一人旅

トム・ジョーンズの華麗な冒険の一人旅のレビュー・感想・評価

5.0
第36回アカデミー賞作品賞。
トニー・リチャードソン監督作。

18世紀のイングランドを舞台に、貴族に育てられた私生児:トム・ジョーンズの波乱の半生を描いたコメディ。

18世紀に活動した英国人作家:ヘンリー・フィールディングによる1749年発表の冒険小説「捨て子トム・ジョウンズの物語」を『長距離ランナーの孤独』(62)のトニー・リチャードソン監督が映像化したもので、本作品は1963年のアカデミー賞で作品賞を受賞しています。

18世紀イングランド、産まれてすぐの状態で貴族の屋敷のベッドの上に捨てられているところを発見され、屋敷の主人に“トム・ジョーンズ”と名付けられ自由奔放な青年へと成長した主人公が、女たらしの性格によってある日勘当されてしまい、たった一人で放浪の旅に出ることになったが、なぜか彼は行く先々で女性と関係を結んでしまい―という冒険恋愛喜劇で、彼に会いたい一心でロンドンまで追いかけてきてしまう意中のヒロイン:ソフィとの恋の行方が物語最大の焦点となります。
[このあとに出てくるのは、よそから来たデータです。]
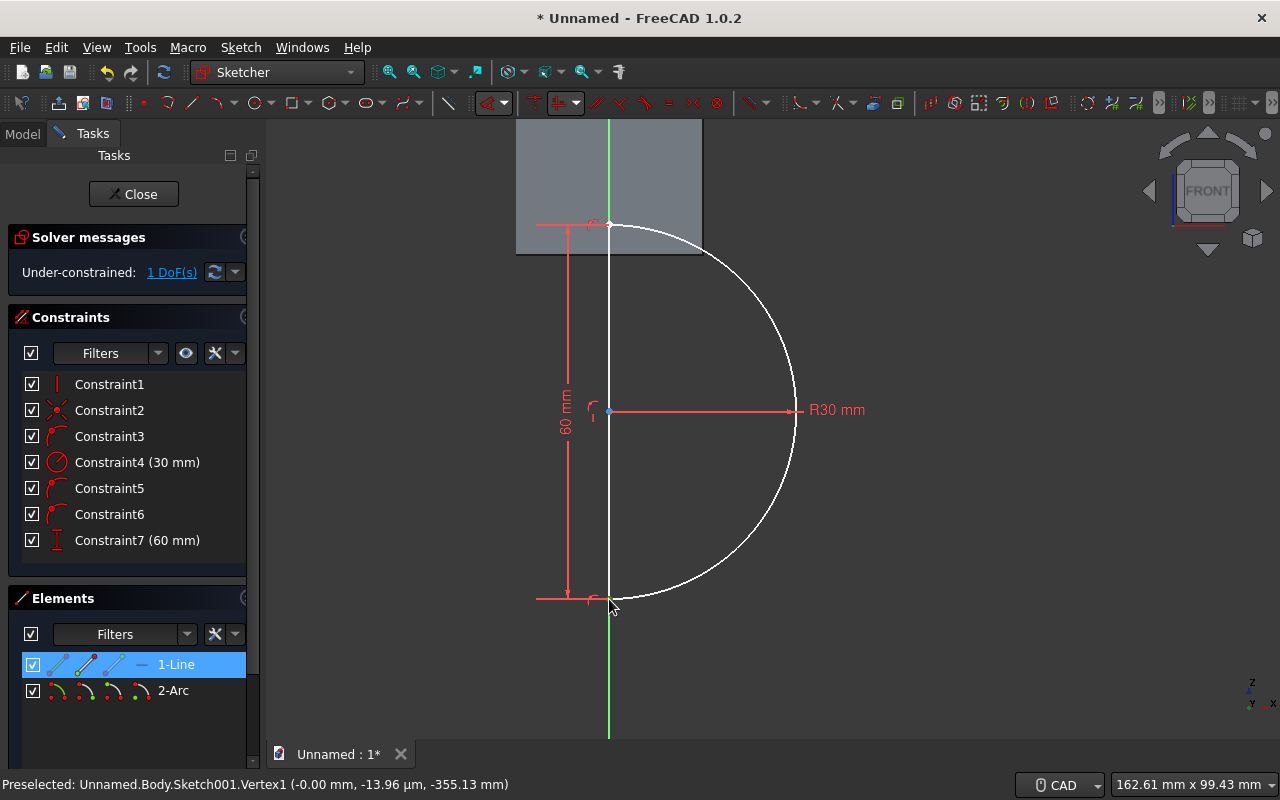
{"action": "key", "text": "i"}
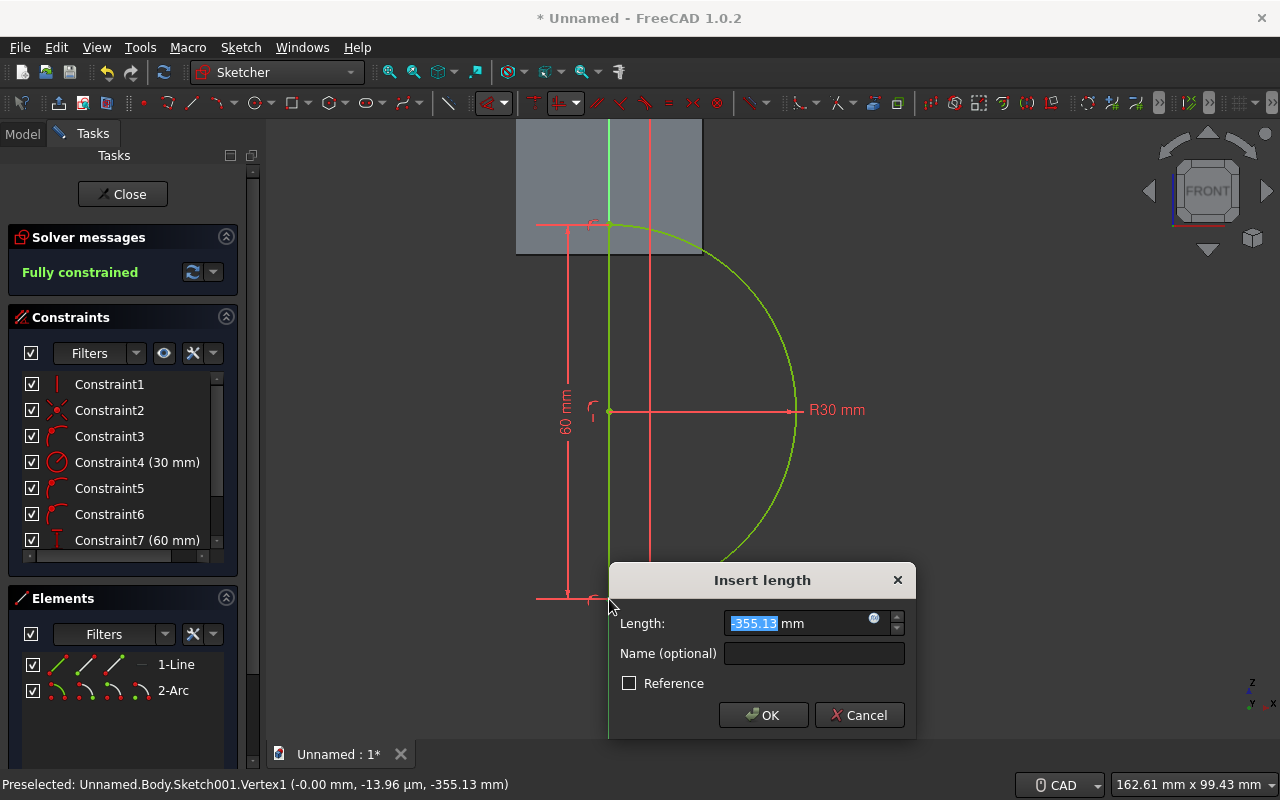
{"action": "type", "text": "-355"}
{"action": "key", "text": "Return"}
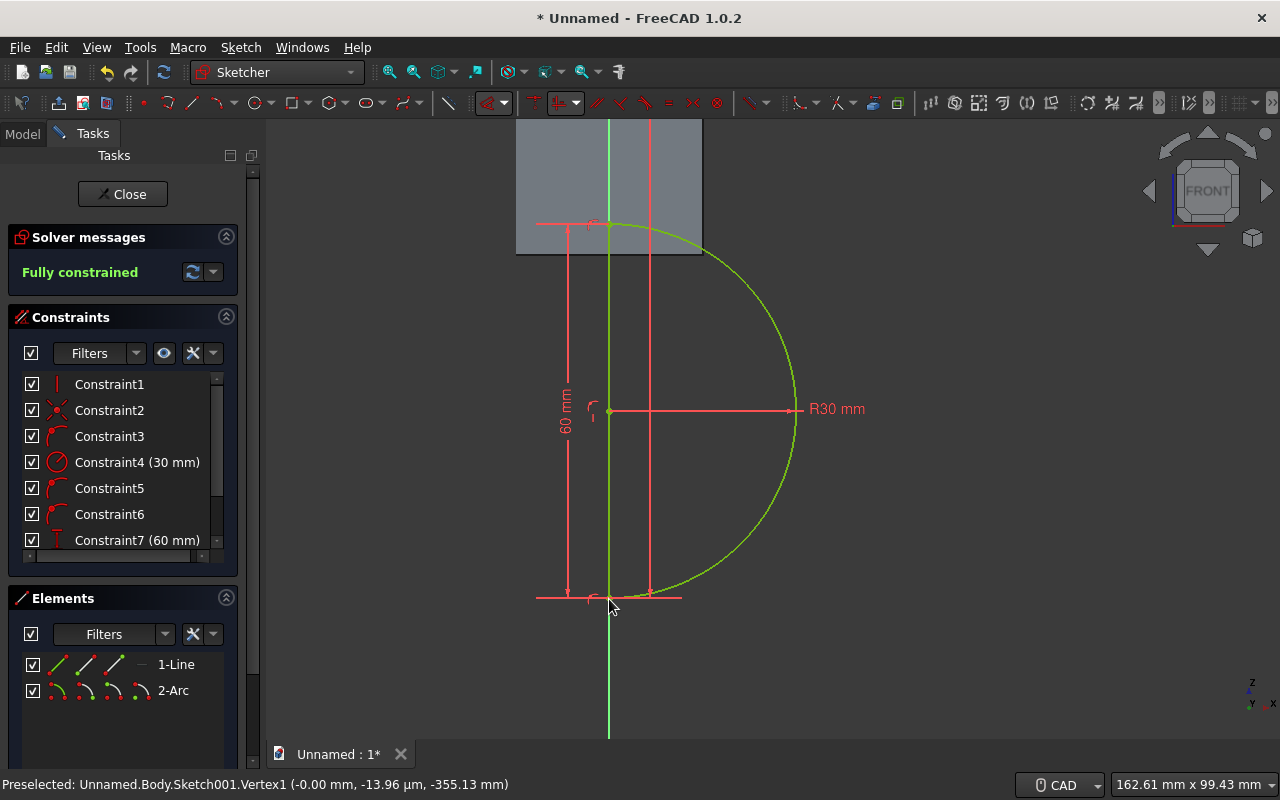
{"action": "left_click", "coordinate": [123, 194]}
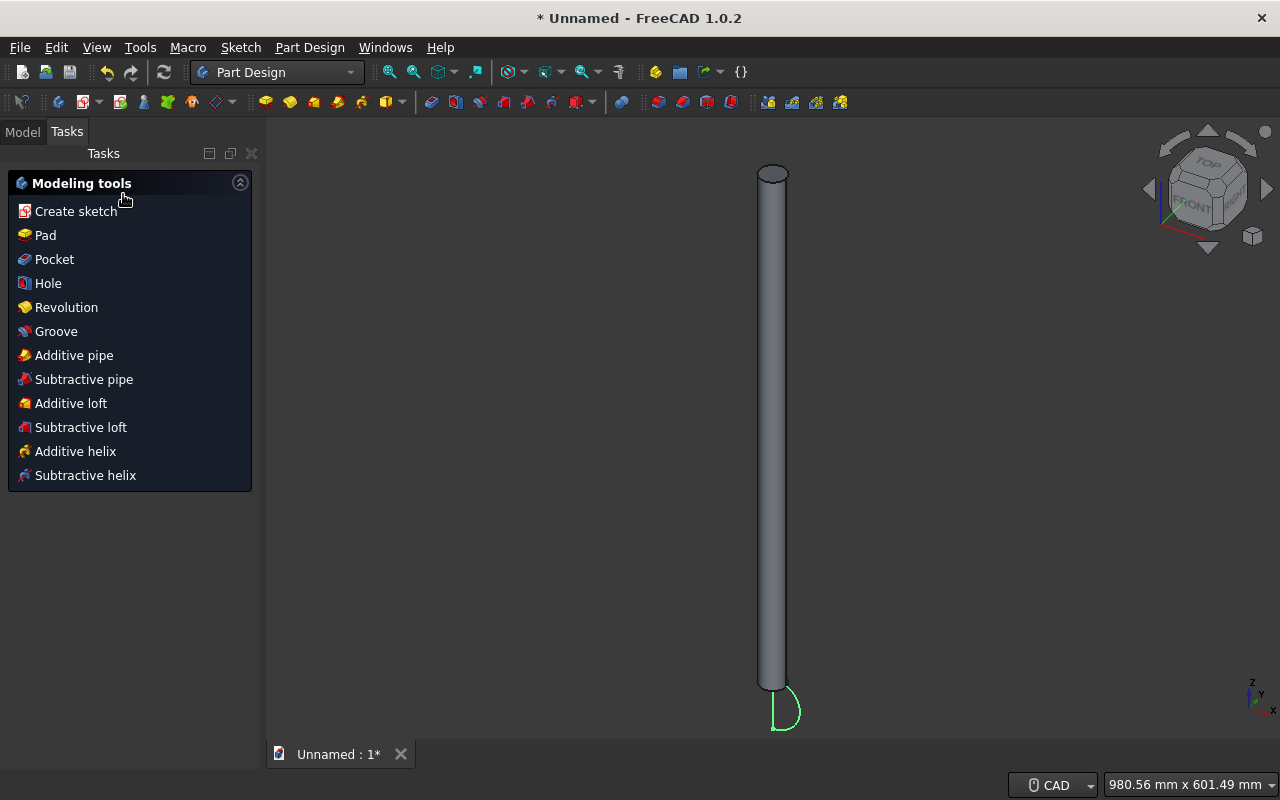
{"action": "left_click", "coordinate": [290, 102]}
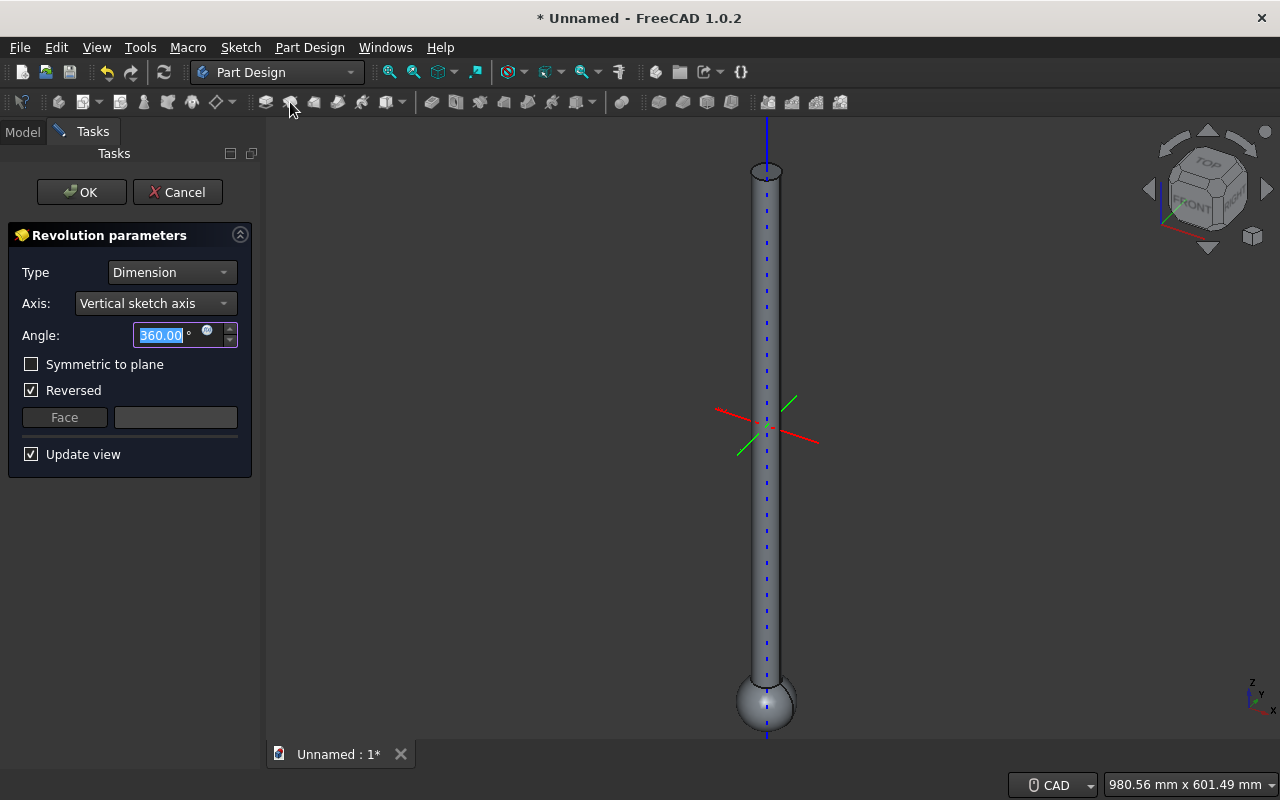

大して好きでもない女性達と肉体関係を結んだり、いくつもの騒動とトラブルを巻き起こしていく主人公の破天荒な恋愛遍歴&冒険活劇がユーモラスに活写されていて、全編を貫く大らかで陽気な作風が心地のいい娯楽作となっています。

100匹以上の猟犬と数十頭の馬を動員して一頭の小鹿を追いかけ回す狩猟シーンのスペクタクルや、男の名誉を賭けた決闘シーンなど一定の見せ場が盛り込まれていますし、18世紀当時の貴族と庶民の暮らしぶりや長閑な田園風景も印象深く映し出されています。

そして、主演のアルバート・フィニーが破天荒な主人公を屈託なく爽やかに演じ切っていますし、相手役を務めたスザンナ・ヨーク(撮影時24歳)の可憐さが物語に華を添えています。